Segment Open

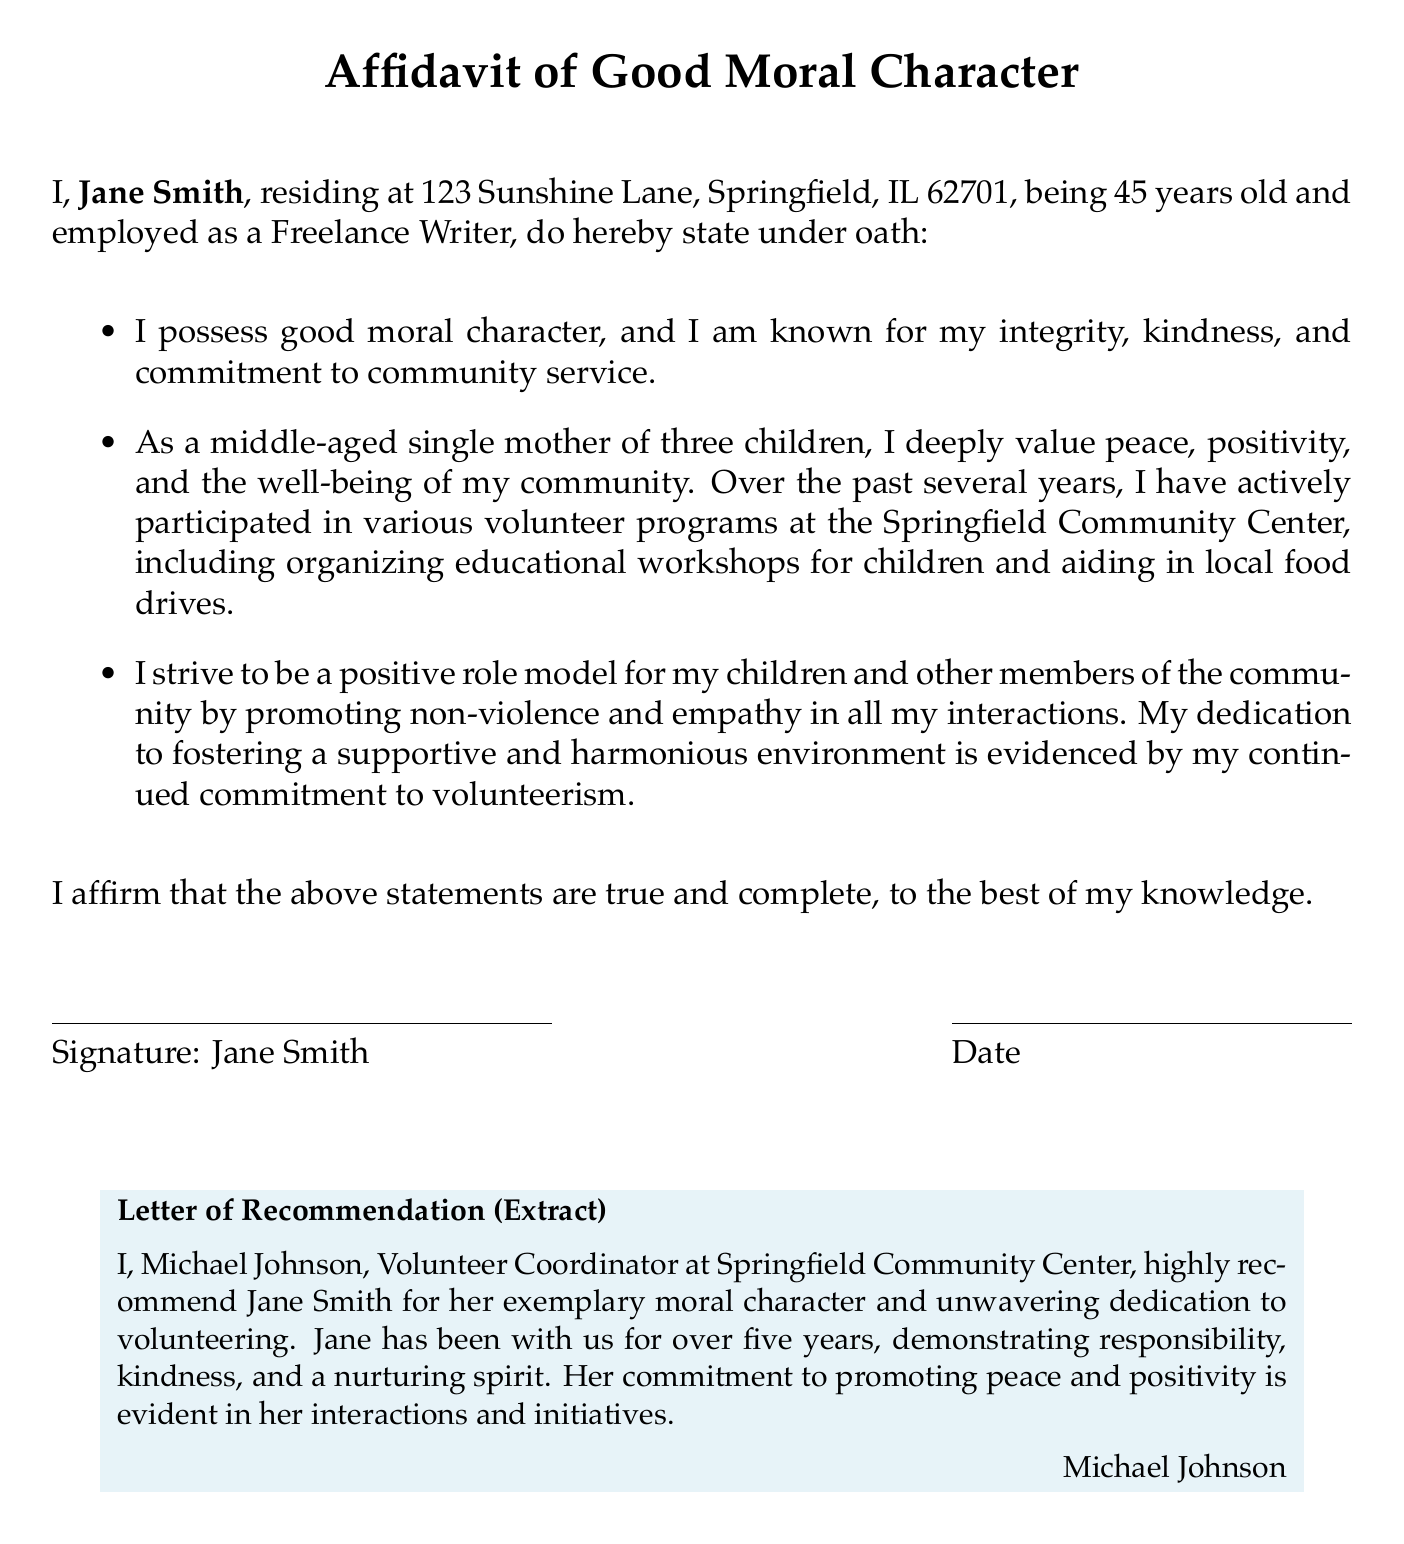What is the name of the affiant? The name of the affiant is prominently mentioned at the beginning of the document, which is Jane Smith.
Answer: Jane Smith What is the address of Jane Smith? The document states Jane Smith's residential address, which is 123 Sunshine Lane, Springfield, IL 62701.
Answer: 123 Sunshine Lane, Springfield, IL 62701 How long has Jane Smith been volunteering at the Springfield Community Center? The affidavit indicates that Jane has been a volunteer for over five years, highlighting her long-term involvement.
Answer: over five years Who is the author of the letter of recommendation? The letter of recommendation is authored by Michael Johnson, who holds the position of Volunteer Coordinator.
Answer: Michael Johnson What is Jane Smith's age? The document specifies that Jane Smith is 45 years old.
Answer: 45 What qualities does Jane Smith emphasize in her affidavit? Jane mentions her integrity, kindness, and commitment to community service as her notable qualities in the affidavit.
Answer: integrity, kindness, commitment to community service What is the main purpose of this affidavit? The primary purpose of the affidavit is to assert Jane Smith's good moral character, particularly in the context of volunteering at the local community center.
Answer: to assert good moral character In what capacity does Jane Smith volunteer? Jane Smith has volunteered to organize educational workshops and aid in local food drives, showcasing her active participation.
Answer: organizing educational workshops, aiding in local food drives What is the tone of Jane Smith's statement about her community values? The tone of her statement reflects a strong emphasis on peace, positivity, and the well-being of the community.
Answer: peace, positivity 
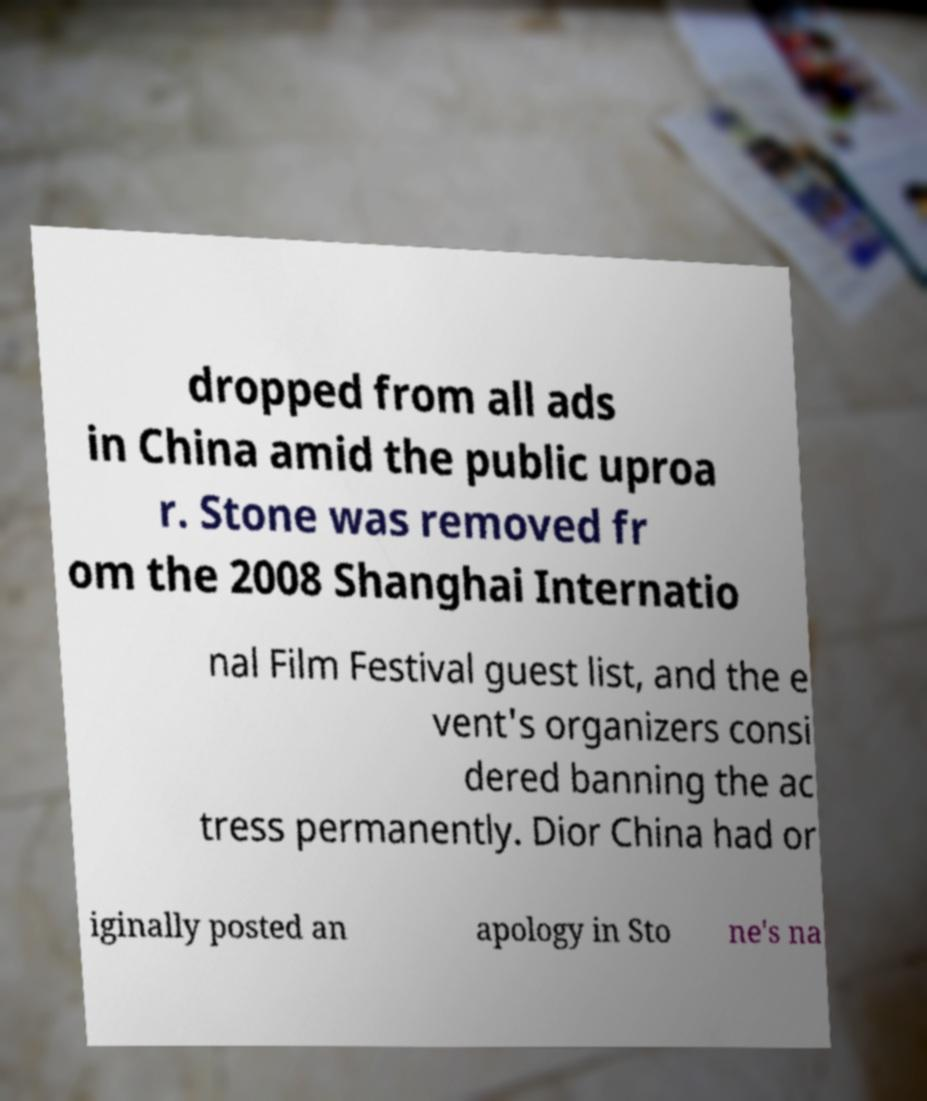What messages or text are displayed in this image? I need them in a readable, typed format. dropped from all ads in China amid the public uproa r. Stone was removed fr om the 2008 Shanghai Internatio nal Film Festival guest list, and the e vent's organizers consi dered banning the ac tress permanently. Dior China had or iginally posted an apology in Sto ne's na 
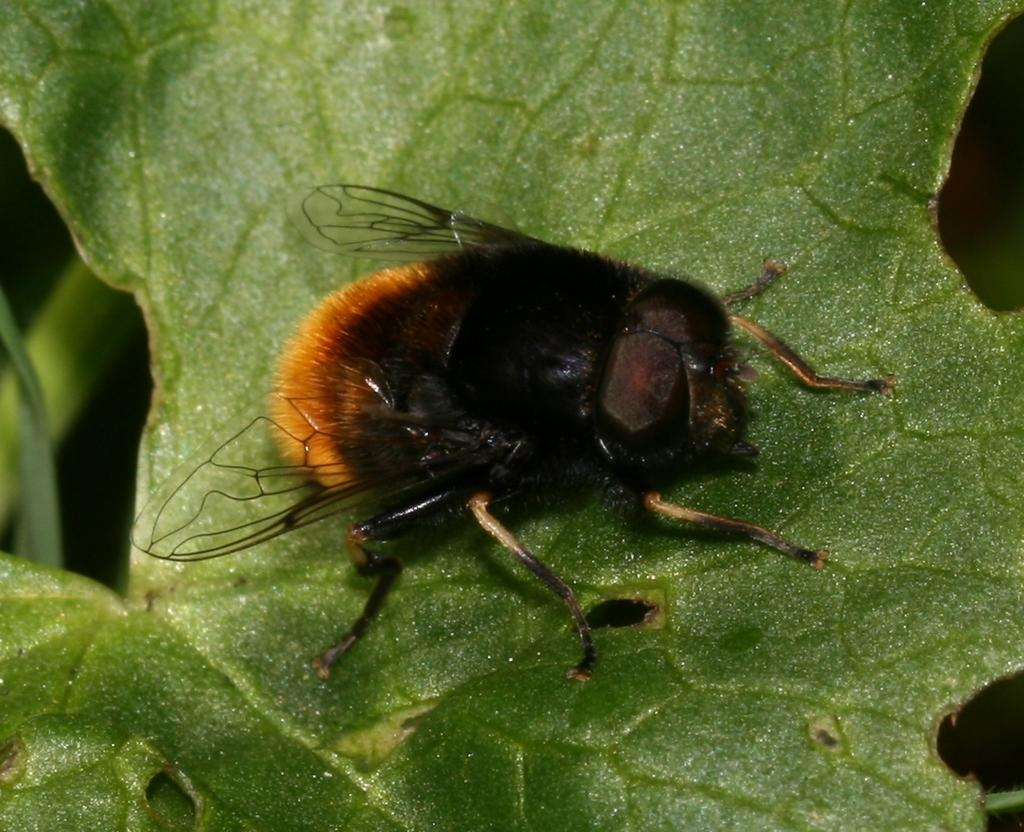What is the main subject of the image? The main subject of the image is a fly on a leaf. What else can be seen on the left side of the image? There is a plant branch on the left side of the image. How would you describe the overall appearance of the image? The background of the image appears dark. What type of kite is being flown by the giants in the image? There are no giants or kites present in the image; it features a fly on a leaf and a plant branch. What is the purpose of the fly in the image? The image does not provide information about the purpose of the fly; it simply shows the fly on a leaf. 
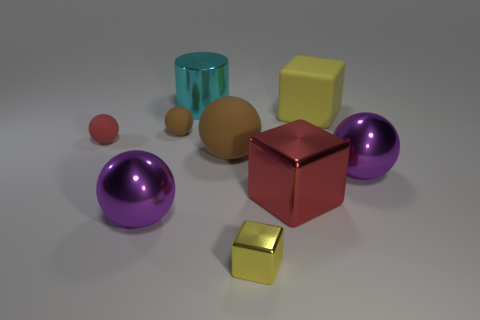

Segment Closed

- What to work on
Reproduce exactly and only the lines from the one with "Answer: peace, positivity" through the final line of the records above, inclusive. Pictures must be left out.

- Exercise solution
Answer: peace, positivity 
What messages or text are displayed in this image? I need them in a readable, typed format. dropped from all ads in China amid the public uproa r. Stone was removed fr om the 2008 Shanghai Internatio nal Film Festival guest list, and the e vent's organizers consi dered banning the ac tress permanently. Dior China had or iginally posted an apology in Sto ne's na 
What is the main subject of the image? The main subject of the image is a fly on a leaf. What else can be seen on the left side of the image? There is a plant branch on the left side of the image. How would you describe the overall appearance of the image? The background of the image appears dark. What type of kite is being flown by the giants in the image? There are no giants or kites present in the image; it features a fly on a leaf and a plant branch. What is the purpose of the fly in the image? The image does not provide information about the purpose of the fly; it simply shows the fly on a leaf. 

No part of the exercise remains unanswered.